──────── DATA
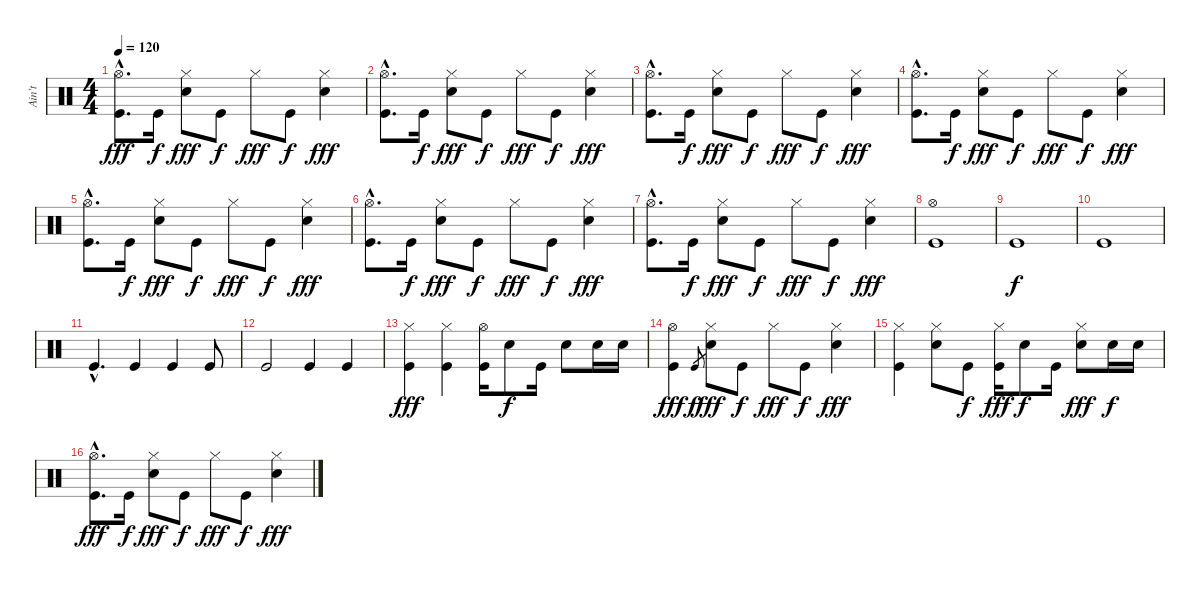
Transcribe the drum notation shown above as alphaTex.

\track ("Ain't" "Ain't") {instrument percussion}
\staff {score}
\articulation defaults
\ts (4 4)
\tempo 120
\clef neutral
\ks c
("Hi-Hat (open)"{hac} "Kick (hit)"{hac}).8{d dy fff} "Kick (hit)".16{dy f} ("Hi-Hat (closed)" "Electric Snare (hit)").8{dy fff} "Kick (hit)".8{dy f} "Hi-Hat (closed)".8{dy fff} "Kick (hit)".8{dy f} ("Hi-Hat (closed)" "Electric Snare (hit)").4{dy fff} |
("Hi-Hat (open)"{hac} "Kick (hit)"{hac}).8{d} "Kick (hit)".16{dy f} ("Hi-Hat (closed)" "Electric Snare (hit)").8{dy fff} "Kick (hit)".8{dy f} "Hi-Hat (closed)".8{dy fff} "Kick (hit)".8{dy f} ("Hi-Hat (closed)" "Electric Snare (hit)").4{dy fff} |
("Hi-Hat (open)"{hac} "Kick (hit)"{hac}).8{d} "Kick (hit)".16{dy f} ("Hi-Hat (closed)" "Electric Snare (hit)").8{dy fff} "Kick (hit)".8{dy f} "Hi-Hat (closed)".8{dy fff} "Kick (hit)".8{dy f} ("Hi-Hat (closed)" "Electric Snare (hit)").4{dy fff} |
("Hi-Hat (open)"{hac} "Kick (hit)"{hac}).8{d} "Kick (hit)".16{dy f} ("Hi-Hat (closed)" "Electric Snare (hit)").8{dy fff} "Kick (hit)".8{dy f} "Hi-Hat (closed)".8{dy fff} "Kick (hit)".8{dy f} ("Hi-Hat (closed)" "Electric Snare (hit)").4{dy fff} |
("Hi-Hat (open)"{hac} "Kick (hit)"{hac}).8{d} "Kick (hit)".16{dy f} ("Hi-Hat (closed)" "Electric Snare (hit)").8{dy fff} "Kick (hit)".8{dy f} "Hi-Hat (closed)".8{dy fff} "Kick (hit)".8{dy f} ("Hi-Hat (closed)" "Electric Snare (hit)").4{dy fff} |
("Hi-Hat (open)"{hac} "Kick (hit)"{hac}).8{d} "Kick (hit)".16{dy f} ("Hi-Hat (closed)" "Electric Snare (hit)").8{dy fff} "Kick (hit)".8{dy f} "Hi-Hat (closed)".8{dy fff} "Kick (hit)".8{dy f} ("Hi-Hat (closed)" "Electric Snare (hit)").4{dy fff} |
("Hi-Hat (open)"{hac} "Kick (hit)"{hac}).8{d} "Kick (hit)".16{dy f} ("Hi-Hat (closed)" "Electric Snare (hit)").8{dy fff} "Kick (hit)".8{dy f} "Hi-Hat (closed)".8{dy fff} "Kick (hit)".8{dy f} ("Hi-Hat (closed)" "Electric Snare (hit)").4{dy fff} |
("Hi-Hat (open)" "Kick (hit)").1 |
"Kick (hit)".1{dy f} |
"Kick (hit)".1 |
"Kick (hit)"{hac}.4{d} "Kick (hit)".4 "Kick (hit)".4 "Kick (hit)".8 |
"Kick (hit)".2 "Kick (hit)".4 "Kick (hit)".4 |
("Hi-Hat (closed)" "Kick (hit)").4{dy fff} ("Hi-Hat (closed)" "Kick (hit)").4 ("Hi-Hat (open)" "Kick (hit)").16 "Electric Snare (hit)".8{dy f} "Kick (hit)".16 "Electric Snare (hit)".8 "Electric Snare (hit)".16 "Electric Snare (hit)".16 |
("Hi-Hat (open)" "Kick (hit)").4{dy fff} "Kick (hit)".8{gr dy f} ("Hi-Hat (closed)" "Electric Snare (hit)").8{dy fff} "Kick (hit)".8{dy f} "Hi-Hat (closed)".8{dy fff} "Kick (hit)".8{dy f} ("Hi-Hat (closed)" "Electric Snare (hit)").4{dy fff} |
("Hi-Hat (closed)" "Kick (hit)").4 ("Hi-Hat (closed)" "Electric Snare (hit)").8 "Kick (hit)".8{dy f} ("Hi-Hat (closed)" "Kick (hit)").16{dy fff} "Electric Snare (hit)".8{dy f} "Kick (hit)".16 ("Hi-Hat (closed)" "Electric Snare (hit)").8{dy fff} "Electric Snare (hit)".16{dy f} "Electric Snare (hit)".16 |
("Hi-Hat (open)"{hac} "Kick (hit)"{hac}).8{d dy fff} "Kick (hit)".16{dy f} ("Hi-Hat (closed)" "Electric Snare (hit)").8{dy fff} "Kick (hit)".8{dy f} "Hi-Hat (closed)".8{dy fff} "Kick (hit)".8{dy f} ("Hi-Hat (closed)" "Electric Snare (hit)").4{dy fff}
────────────────
PROMPT> Because the pictures are not wanted, retype only the text of every record, exactly as given.

WRITTEN REPLY>
Transcribe the drum notation shown above as alphaTex.

\track ("Ain't" "Ain't") {instrument percussion}
\staff {score}
\articulation defaults
\ts (4 4)
\tempo 120
\clef neutral
\ks c
("Hi-Hat (open)"{hac} "Kick (hit)"{hac}).8{d dy fff} "Kick (hit)".16{dy f} ("Hi-Hat (closed)" "Electric Snare (hit)").8{dy fff} "Kick (hit)".8{dy f} "Hi-Hat (closed)".8{dy fff} "Kick (hit)".8{dy f} ("Hi-Hat (closed)" "Electric Snare (hit)").4{dy fff} |
("Hi-Hat (open)"{hac} "Kick (hit)"{hac}).8{d} "Kick (hit)".16{dy f} ("Hi-Hat (closed)" "Electric Snare (hit)").8{dy fff} "Kick (hit)".8{dy f} "Hi-Hat (closed)".8{dy fff} "Kick (hit)".8{dy f} ("Hi-Hat (closed)" "Electric Snare (hit)").4{dy fff} |
("Hi-Hat (open)"{hac} "Kick (hit)"{hac}).8{d} "Kick (hit)".16{dy f} ("Hi-Hat (closed)" "Electric Snare (hit)").8{dy fff} "Kick (hit)".8{dy f} "Hi-Hat (closed)".8{dy fff} "Kick (hit)".8{dy f} ("Hi-Hat (closed)" "Electric Snare (hit)").4{dy fff} |
("Hi-Hat (open)"{hac} "Kick (hit)"{hac}).8{d} "Kick (hit)".16{dy f} ("Hi-Hat (closed)" "Electric Snare (hit)").8{dy fff} "Kick (hit)".8{dy f} "Hi-Hat (closed)".8{dy fff} "Kick (hit)".8{dy f} ("Hi-Hat (closed)" "Electric Snare (hit)").4{dy fff} |
("Hi-Hat (open)"{hac} "Kick (hit)"{hac}).8{d} "Kick (hit)".16{dy f} ("Hi-Hat (closed)" "Electric Snare (hit)").8{dy fff} "Kick (hit)".8{dy f} "Hi-Hat (closed)".8{dy fff} "Kick (hit)".8{dy f} ("Hi-Hat (closed)" "Electric Snare (hit)").4{dy fff} |
("Hi-Hat (open)"{hac} "Kick (hit)"{hac}).8{d} "Kick (hit)".16{dy f} ("Hi-Hat (closed)" "Electric Snare (hit)").8{dy fff} "Kick (hit)".8{dy f} "Hi-Hat (closed)".8{dy fff} "Kick (hit)".8{dy f} ("Hi-Hat (closed)" "Electric Snare (hit)").4{dy fff} |
("Hi-Hat (open)"{hac} "Kick (hit)"{hac}).8{d} "Kick (hit)".16{dy f} ("Hi-Hat (closed)" "Electric Snare (hit)").8{dy fff} "Kick (hit)".8{dy f} "Hi-Hat (closed)".8{dy fff} "Kick (hit)".8{dy f} ("Hi-Hat (closed)" "Electric Snare (hit)").4{dy fff} |
("Hi-Hat (open)" "Kick (hit)").1 |
"Kick (hit)".1{dy f} |
"Kick (hit)".1 |
"Kick (hit)"{hac}.4{d} "Kick (hit)".4 "Kick (hit)".4 "Kick (hit)".8 |
"Kick (hit)".2 "Kick (hit)".4 "Kick (hit)".4 |
("Hi-Hat (closed)" "Kick (hit)").4{dy fff} ("Hi-Hat (closed)" "Kick (hit)").4 ("Hi-Hat (open)" "Kick (hit)").16 "Electric Snare (hit)".8{dy f} "Kick (hit)".16 "Electric Snare (hit)".8 "Electric Snare (hit)".16 "Electric Snare (hit)".16 |
("Hi-Hat (open)" "Kick (hit)").4{dy fff} "Kick (hit)".8{gr dy f} ("Hi-Hat (closed)" "Electric Snare (hit)").8{dy fff} "Kick (hit)".8{dy f} "Hi-Hat (closed)".8{dy fff} "Kick (hit)".8{dy f} ("Hi-Hat (closed)" "Electric Snare (hit)").4{dy fff} |
("Hi-Hat (closed)" "Kick (hit)").4 ("Hi-Hat (closed)" "Electric Snare (hit)").8 "Kick (hit)".8{dy f} ("Hi-Hat (closed)" "Kick (hit)").16{dy fff} "Electric Snare (hit)".8{dy f} "Kick (hit)".16 ("Hi-Hat (closed)" "Electric Snare (hit)").8{dy fff} "Electric Snare (hit)".16{dy f} "Electric Snare (hit)".16 |
("Hi-Hat (open)"{hac} "Kick (hit)"{hac}).8{d dy fff} "Kick (hit)".16{dy f} ("Hi-Hat (closed)" "Electric Snare (hit)").8{dy fff} "Kick (hit)".8{dy f} "Hi-Hat (closed)".8{dy fff} "Kick (hit)".8{dy f} ("Hi-Hat (closed)" "Electric Snare (hit)").4{dy fff}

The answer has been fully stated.